Levothyroxine sodium may increase the required dosage of insulin and other oral antidiabetic drugs. Therefore, careful monitoring of diabetic control is recommended.
Beta-adrenergic blocking agents e.g. propranolol.
These agents may decrease the peripheral conversion of thyroxine to triiodothyronine.
Ion exchange resins e.g. cholestyramine, sodium polystyrene sulphonate or colestipol.

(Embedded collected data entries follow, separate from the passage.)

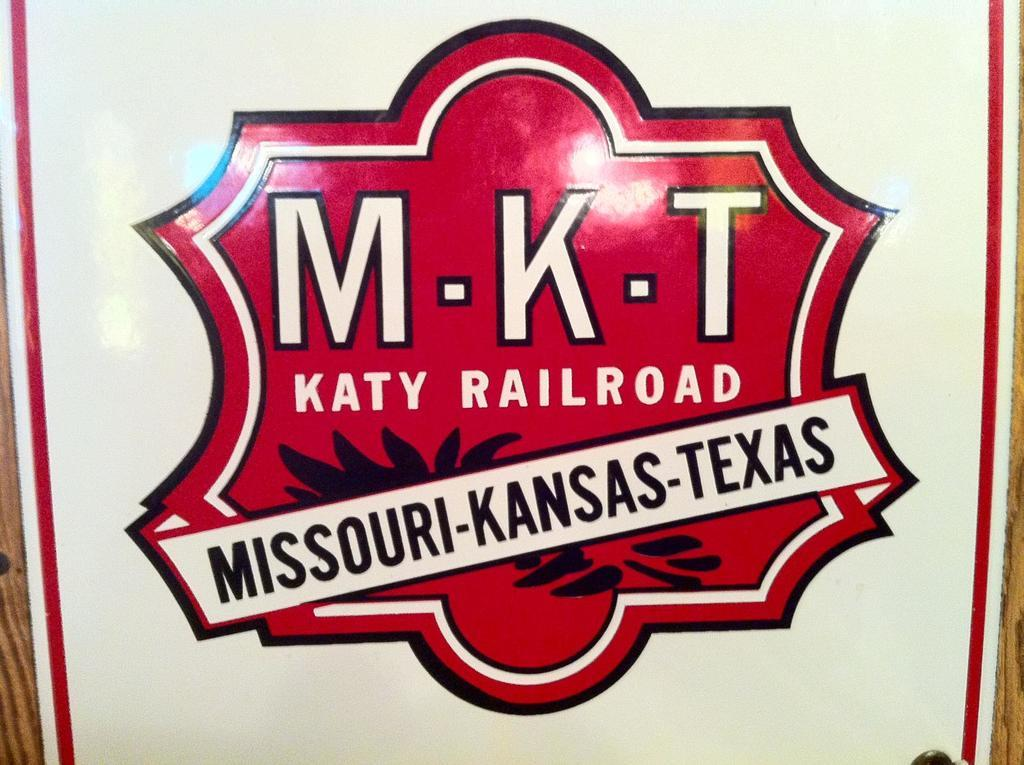<image>
Share a concise interpretation of the image provided. The logo of the M-K-T Katy Railroad in Missouri, Kansas, and Texas. 
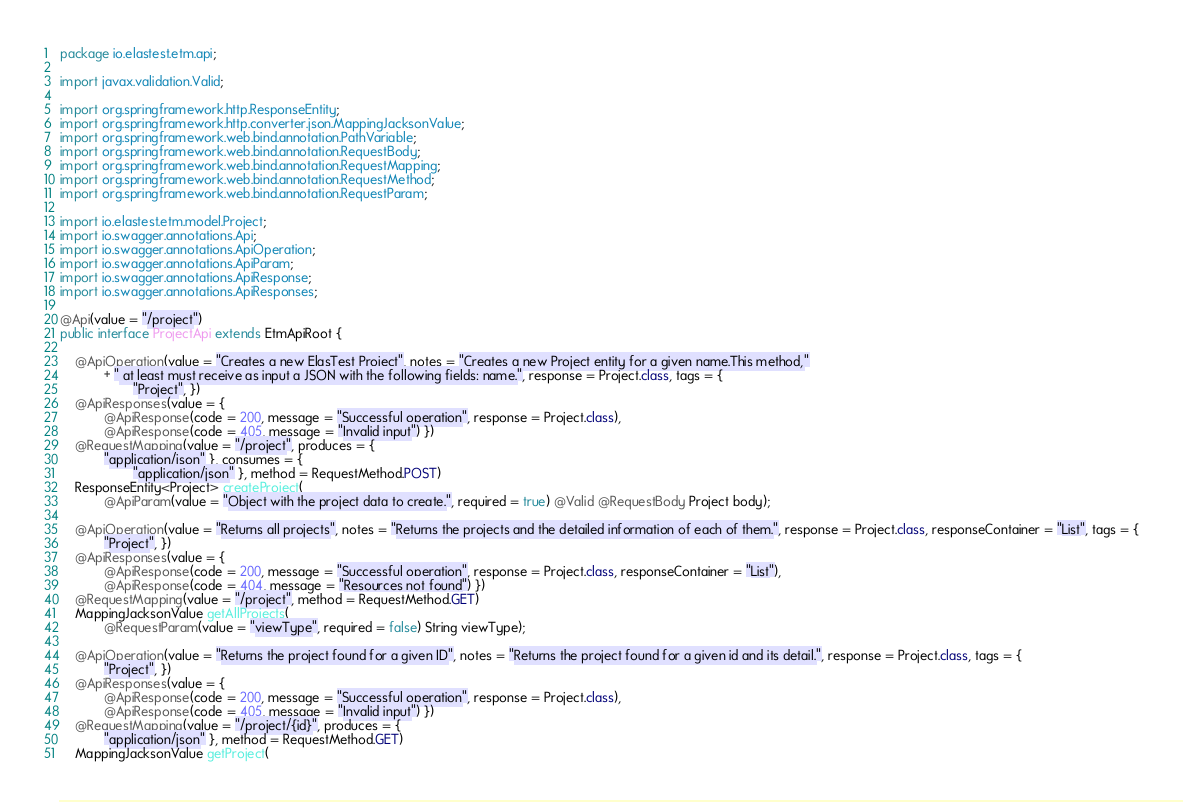<code> <loc_0><loc_0><loc_500><loc_500><_Java_>package io.elastest.etm.api;

import javax.validation.Valid;

import org.springframework.http.ResponseEntity;
import org.springframework.http.converter.json.MappingJacksonValue;
import org.springframework.web.bind.annotation.PathVariable;
import org.springframework.web.bind.annotation.RequestBody;
import org.springframework.web.bind.annotation.RequestMapping;
import org.springframework.web.bind.annotation.RequestMethod;
import org.springframework.web.bind.annotation.RequestParam;

import io.elastest.etm.model.Project;
import io.swagger.annotations.Api;
import io.swagger.annotations.ApiOperation;
import io.swagger.annotations.ApiParam;
import io.swagger.annotations.ApiResponse;
import io.swagger.annotations.ApiResponses;

@Api(value = "/project")
public interface ProjectApi extends EtmApiRoot {

    @ApiOperation(value = "Creates a new ElasTest Project", notes = "Creates a new Project entity for a given name.This method,"
            + " at least must receive as input a JSON with the following fields: name.", response = Project.class, tags = {
                    "Project", })
    @ApiResponses(value = {
            @ApiResponse(code = 200, message = "Successful operation", response = Project.class),
            @ApiResponse(code = 405, message = "Invalid input") })
    @RequestMapping(value = "/project", produces = {
            "application/json" }, consumes = {
                    "application/json" }, method = RequestMethod.POST)
    ResponseEntity<Project> createProject(
            @ApiParam(value = "Object with the project data to create.", required = true) @Valid @RequestBody Project body);

    @ApiOperation(value = "Returns all projects", notes = "Returns the projects and the detailed information of each of them.", response = Project.class, responseContainer = "List", tags = {
            "Project", })
    @ApiResponses(value = {
            @ApiResponse(code = 200, message = "Successful operation", response = Project.class, responseContainer = "List"),
            @ApiResponse(code = 404, message = "Resources not found") })
    @RequestMapping(value = "/project", method = RequestMethod.GET)
    MappingJacksonValue getAllProjects(
            @RequestParam(value = "viewType", required = false) String viewType);

    @ApiOperation(value = "Returns the project found for a given ID", notes = "Returns the project found for a given id and its detail.", response = Project.class, tags = {
            "Project", })
    @ApiResponses(value = {
            @ApiResponse(code = 200, message = "Successful operation", response = Project.class),
            @ApiResponse(code = 405, message = "Invalid input") })
    @RequestMapping(value = "/project/{id}", produces = {
            "application/json" }, method = RequestMethod.GET)
    MappingJacksonValue getProject(</code> 
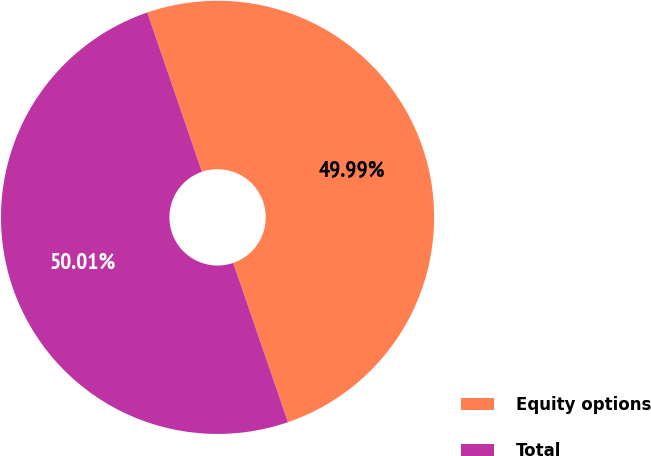Convert chart to OTSL. <chart><loc_0><loc_0><loc_500><loc_500><pie_chart><fcel>Equity options<fcel>Total<nl><fcel>49.99%<fcel>50.01%<nl></chart> 
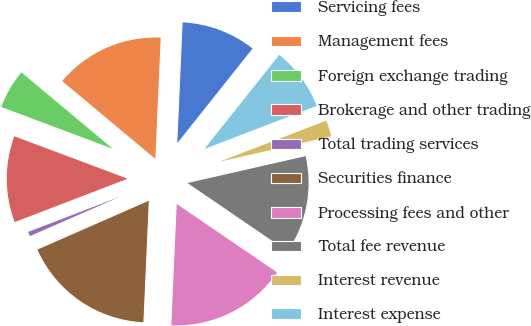Convert chart to OTSL. <chart><loc_0><loc_0><loc_500><loc_500><pie_chart><fcel>Servicing fees<fcel>Management fees<fcel>Foreign exchange trading<fcel>Brokerage and other trading<fcel>Total trading services<fcel>Securities finance<fcel>Processing fees and other<fcel>Total fee revenue<fcel>Interest revenue<fcel>Interest expense<nl><fcel>10.0%<fcel>14.63%<fcel>5.37%<fcel>11.54%<fcel>0.74%<fcel>17.72%<fcel>16.18%<fcel>13.09%<fcel>2.28%<fcel>8.46%<nl></chart> 
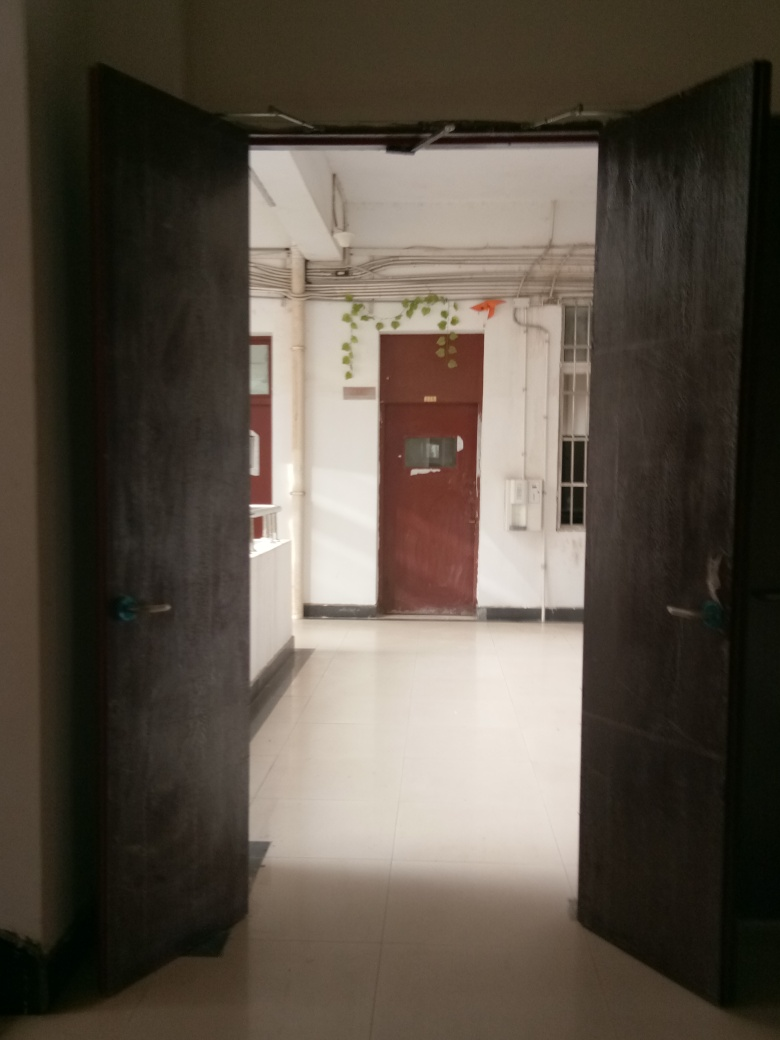What style or design is the door and does it indicate anything about the building? The door features a simple, functional design with minimal ornamentation, suggesting the building could be a commercial or institutional structure rather than a private residence, focusing on utility over aesthetic details.

Due to concurrent use of ion-exchange resins with levothyroxine sodium, the effects of levothyroxine sodium may be reduced due to the resin binding to levothyroxine in the gastrointestinal tract, causing a delay or impairment in levothyroxine absorption. An interval of 4 to 5 hours between the administration of the two medications is recommended.
Corticosteroids e.g. prednisolone and dexamethasone.
The clearance of corticosteroids may be increased in hyperthyroid patients and decreased in hypothyroid patients solely due to the administration, changes in dosage and discontinuation of levothyroxine sodium. Therefore, corticosteroid dosage may need to be adjusted.
Oestrogen.
In patients with a non-functioning thyroid gland, oestrogen may increase the serum thyroxine-binding globulin, therefore generating an increase in levothyroxine sodium requirements.
Antiepileptics e.g. phenytoin, carbamazepine and barbiturates.
These agents may increase the hepatic degradation of levothyroxine sodium, therefore resulting in an increase in levothyroxine requirements.
Ritonavir.
Ritonavir may interact with levothyroxine sodium, therefore resulting in an increase in levothyroxine requirements.
Antimalarials.
The combined use of chloroquine and proguanil may increase the hepatic degradation of levothyroxine sodium, therefore resulting in an increase in levothyroxine requirements.
Antibacterials e.g. rifampicin and ciprofloxacin.
Rifampicin may increase the hepatic degradation of levothyroxine sodium, therefore resulting in an increase in levothyroxine requirements.
Oral ciprofloxacin may decrease the absorption of levothyroxine. An interval of 6 hours between the administration of the two medications is recommended.
Androgens and anabolic steroids.
Androgens may decrease the concentration of the serum thyroxine-binding globulin, therefore generating a decrease in levothyroxine requirements.
Ketamine.
Cautious administration of ketamine is recommended in patients on levothyroxine sodium therapy, as marked hypertension and tachycardia may occur.
Lithium.
Due to the direct action of lithium on the thyroid gland, inhibition of thyroid hormones may result, leading to clinical hypothyroidism.
Tricyclic antidepressants.
Due to concurrent use with levothyroxine sodium, an increase in the sensitivity to catecholamines may occur, therefore increasing the therapeutic and toxic effects of both drugs.
Sympathomimetics.
Due to concurrent use with levothyroxine sodium, there may be an increase in the effects of both drugs, which may lead to a risk of coronary insufficiency.
Digoxin.
Thyroxine may reduce the clinical effects of digoxin.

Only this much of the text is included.